Nevertheless, smaller airlines are taking on the challenge by adopting these technologies that everyone seems to be afraid of. Big Blue, a Barcelona-based analytics company, uses linear programming techniques to solve issues around aircraft assignment. It currently serves Spanish low-carrier Volotea, which has a fleet of 41 aircraft. The company’s chief executive, Pau Collellmir, once shared that the company was working on creating a more comprehensive platform that would offer solutions for several entities, including aircraft, maintenance, flights, crews and passenger itineraries sequentially, as most systems do. The company is also working on scaling its solutions to serve larger carriers such as Southwest.

Airlines can also invest in startups and partnerships with cloud providers like Amazon Web Services and Google Cloud to improve their technologies. They could also maximize artificial intelligence systems to unlock innovative solutions such as passenger personalization and predictive maintenance. Building this kind of relationship with active members of the tech ecosystem could direct the future of the airline IT market and create a competitive environment that motivates airline software companies to do better.

Bottom Line

In the wake of the nationwide snag, Southwest airlines canceled and delayed flights due to the system issue.
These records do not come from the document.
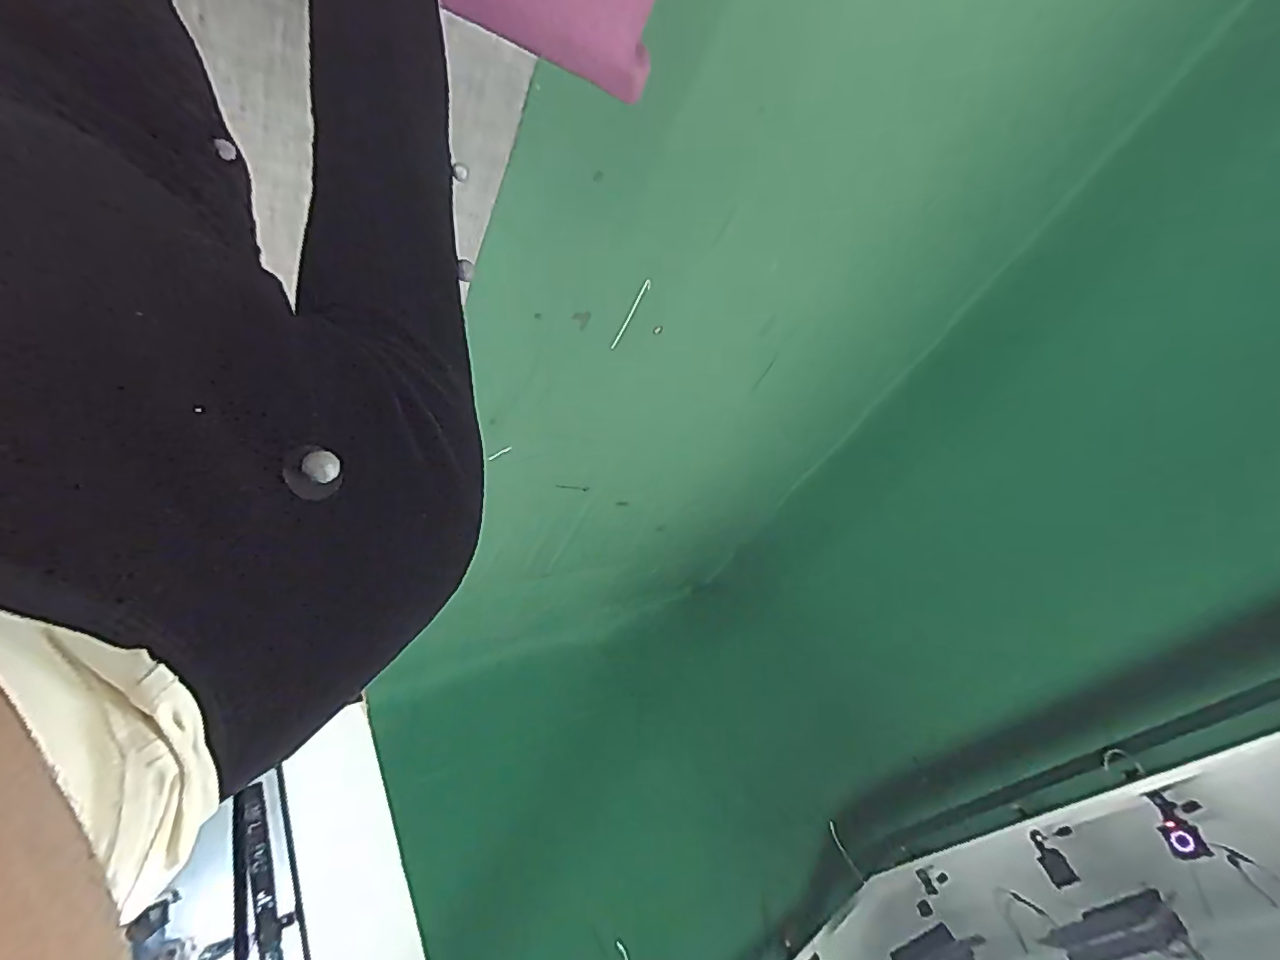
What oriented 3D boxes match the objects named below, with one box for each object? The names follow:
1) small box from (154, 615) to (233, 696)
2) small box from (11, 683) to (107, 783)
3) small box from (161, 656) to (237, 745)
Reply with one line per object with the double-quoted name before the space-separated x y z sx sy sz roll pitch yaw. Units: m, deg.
"small box" -1.417 0.547 1.713 0.179 0.176 0.168 -1 138 -44
"small box" -1.532 0.658 1.430 0.168 0.176 0.179 2 136 -45
"small box" -1.332 0.658 1.630 0.168 0.176 0.179 -1 137 -43

Such faults usually translate into billions of dollars in losses from irregular operations. According to market research by Frost & Sullivan, digital solutions such as air-disruption management systems can reduce these costs by nearly half.

It is also worth noting that computer faults pose a high risk for cybersecurity and could lead to worse implications; therefore, modernization is gradually becoming a necessity rather than an option from stakeholders in the airline industry. It is becoming clear that digital modernization is essential and not optional for systems to keep up with real-world demands. Company leaders need to innovate at a faster rate and modernize legacy systems. Since this could be a massive endeavor, breaking up the project into manageable pieces based on the importance of the systems is often the best place to start.